Врач мотнул головой отрицательно.
- При ОРЗ высокая температура так долго не держится. А у меня уже четвертый день...
- Все они знают, - проворчал врач. - И неделю может держаться, и больше. От организма зависит.
Валько рассердилось. Вообще-то сердиться надо было раньше: сделать замечание, что врач не разделся, не вымыл рук (с мороза они были еще и очень холодными). Гера учил Валько (и других): если мы хотим исправления нравов, нельзя лениться, нельзя оставлять без внимания ни один факт посягновения на вашу личность, на нормы социалистического общежития, ибо иначе хам укореняется в хамстве, разгильдяй в разгильдяйстве, самодур в самодурстве.
Ничего, сейчас оно ему все выскажет. Валько приподнялось повыше, чтобы было удобней говорить. И вдруг, словно приподнялось оно не на несколько сантиметров, а гораздо выше, Валько увидело себя и старика откуда-то со стороны и сверху. Убогая комнатка, освещенная убогим светом настольной лампы в белом матовом абажуре. Участковый щурит глаза, ему плохо видно, но встать и включить верхний свет ему лень, он спешит закончить скучное дело - чтобы быстрее попасть в другой скучный дом, к другому скучному больному. А там, глядишь, и кончится рабочий день. А больной - видело Валько - лежит, тщась заявить свои права, корячится, чужой и ненужный этому старику. Два чужих и не нужных друг другу человека сошлись, как постоянно в жизни и бывает: люди сталкиваются, расходятся, равнодушные, безразличные. Но старик-то вернется домой. Там у него, возможно, старуха. И дети, и внуки. И даже пусть одна старуха - живая душа, есть с кем слово молвить. И даже пусть старухи нет, но обязательно кто-то есть. Собака. Или соседи, к которым можно зайти. Поговорить о погоде, слегка поругаться, мало ли... А Валько останется тут - абсолютно никому на этом свете ненужное...
И, вместо того, чтобы разразиться гневным монологом, сказать что-то, что сказал бы в такой ситуации Гера, то есть максимально вежливо, выбирая слова и обдумывая их (и монолог даже был готов: "Извините, пожалуйста, я не специалист и гораздо моложе вас, поэтому, возможно, не вправе сомневаться в том, что вы делаете, но мой организм принадлежит мне и он у меня один, поэтому его состояние меня беспокоит. У меня, кроме температуры, сердцебиение, шум в ушах, голова кружится, подташнивает. Вам это знать не обязательно?")
Валько ничего этого не сказало.
Оно заплакало.
Заплакало, рывком ерзнуло в исходную лежачую позицию (так резко и решительно ерзают обиженные дети), отвернулось к стене, накрылось одеялом.

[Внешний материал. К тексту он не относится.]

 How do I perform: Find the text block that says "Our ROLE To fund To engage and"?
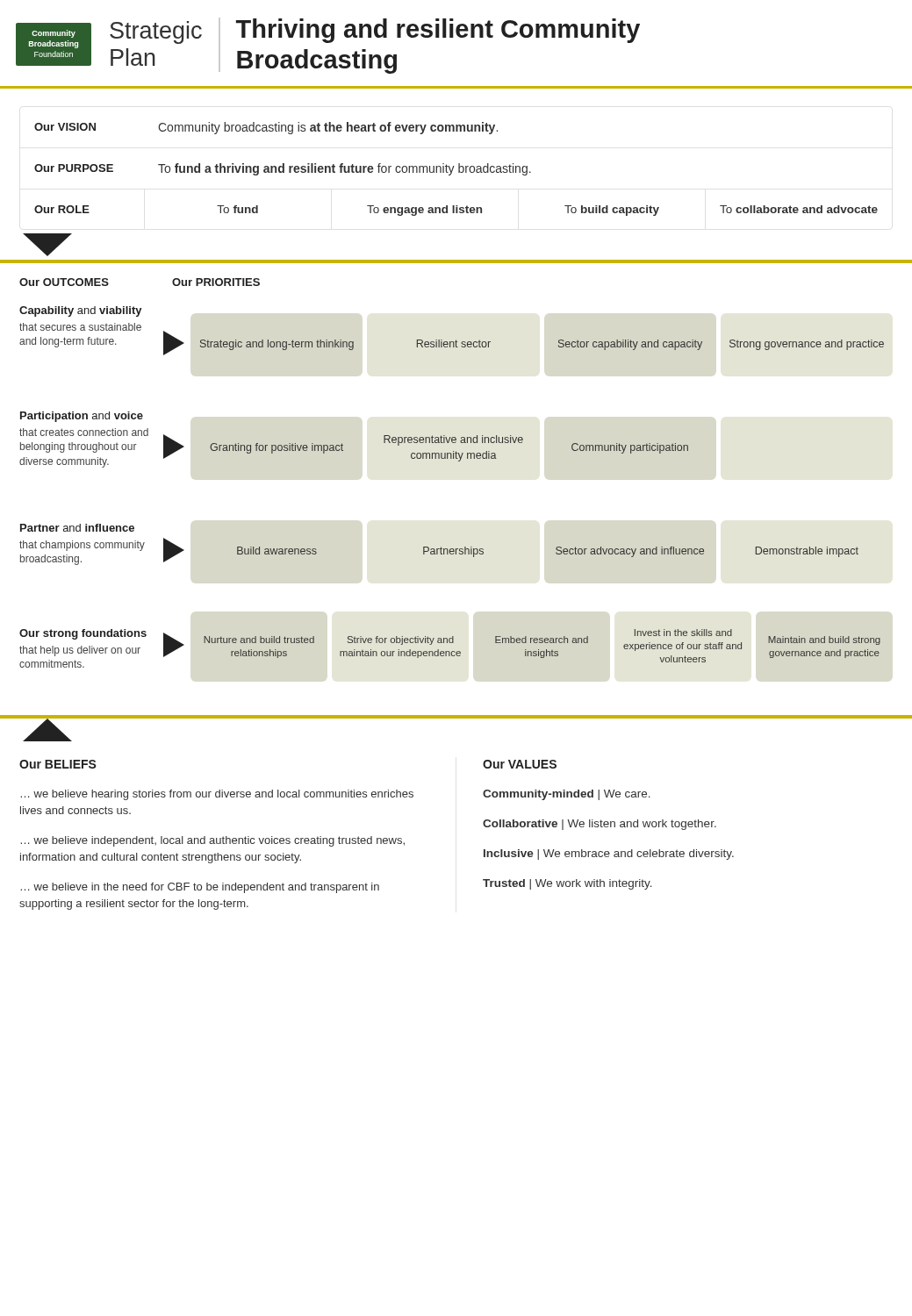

- Что это с вами? - послышался удивленный голос старика - проняло-таки его!
- Ничего! Вам-то какая разница? Вы отметились, чего-то там себе записали - до свидания! Я подохну здесь, вас что, это волнует? Да ничего вас не волнует!

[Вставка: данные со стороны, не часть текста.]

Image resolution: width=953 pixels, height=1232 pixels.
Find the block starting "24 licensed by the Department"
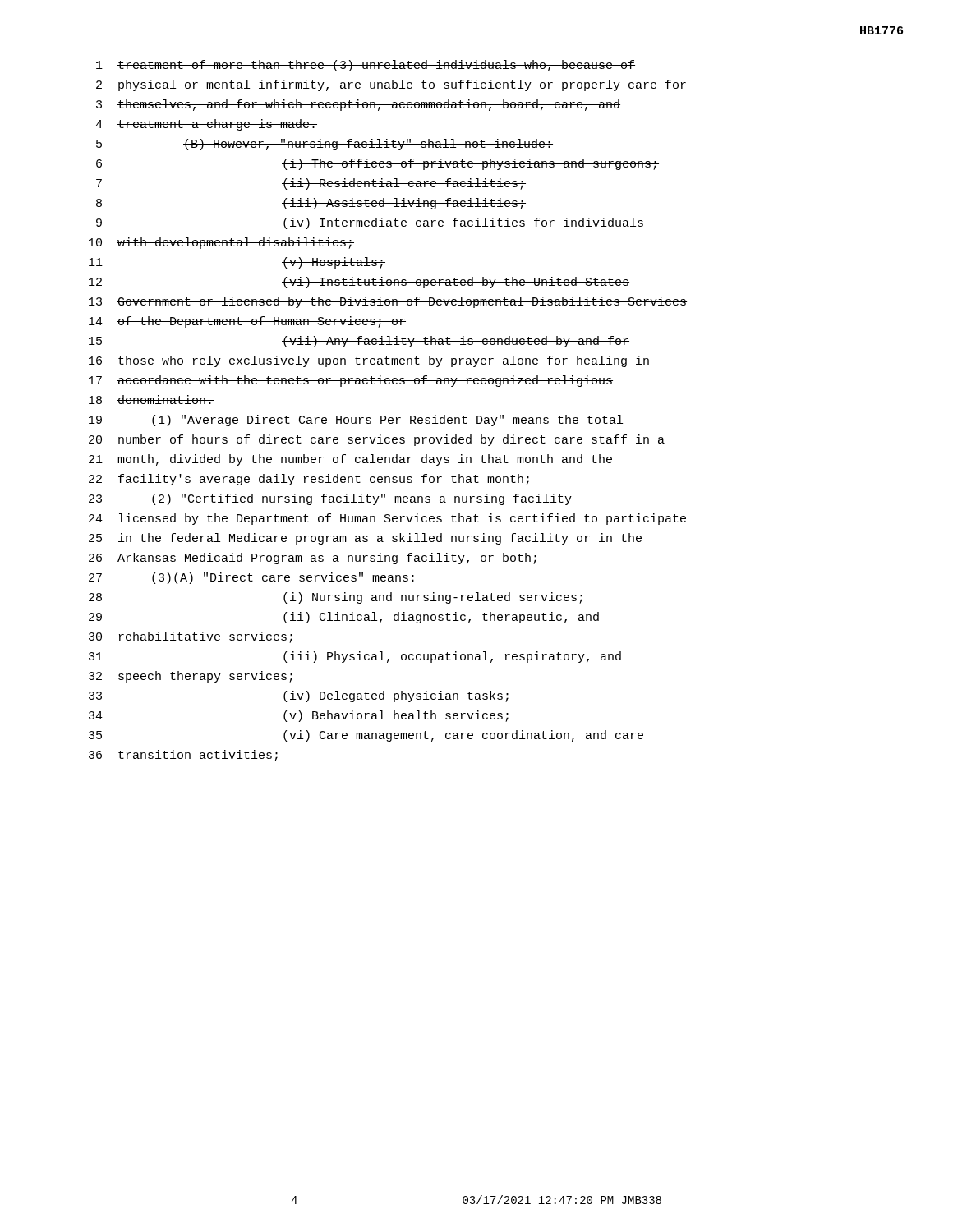coord(485,520)

Неожиданная опустившаяся на постель тяжесть, невидимая из-под одеяла, напугала Валько, оно выпросталось, резко повернулось к подсевшему врачу:
- Идите, я сказал!
- Ты не психуй, - посоветовал старик. Глаза его, казавшиеся пустыми и бесцветными, смотрели теперь умно и пристально. - Что это с тобой? Ты с кем живешь вообще? - старик оглядел комнату.
- Ни с кем. Неважно.
Однако вопрос, заданный хоть и без особого сочувствия, всего лишь с любопытством, но любопытством заинтересованным, доконал Валько: оно разрыдалось.
И, плача, Валько взяло да и рассказало этому человеку почти все о себе. Включая главное. По мере рассказа глаза старика смотрели все умнее, вернее - все более соображающе. И даже перегара, казалось, от него стало меньше.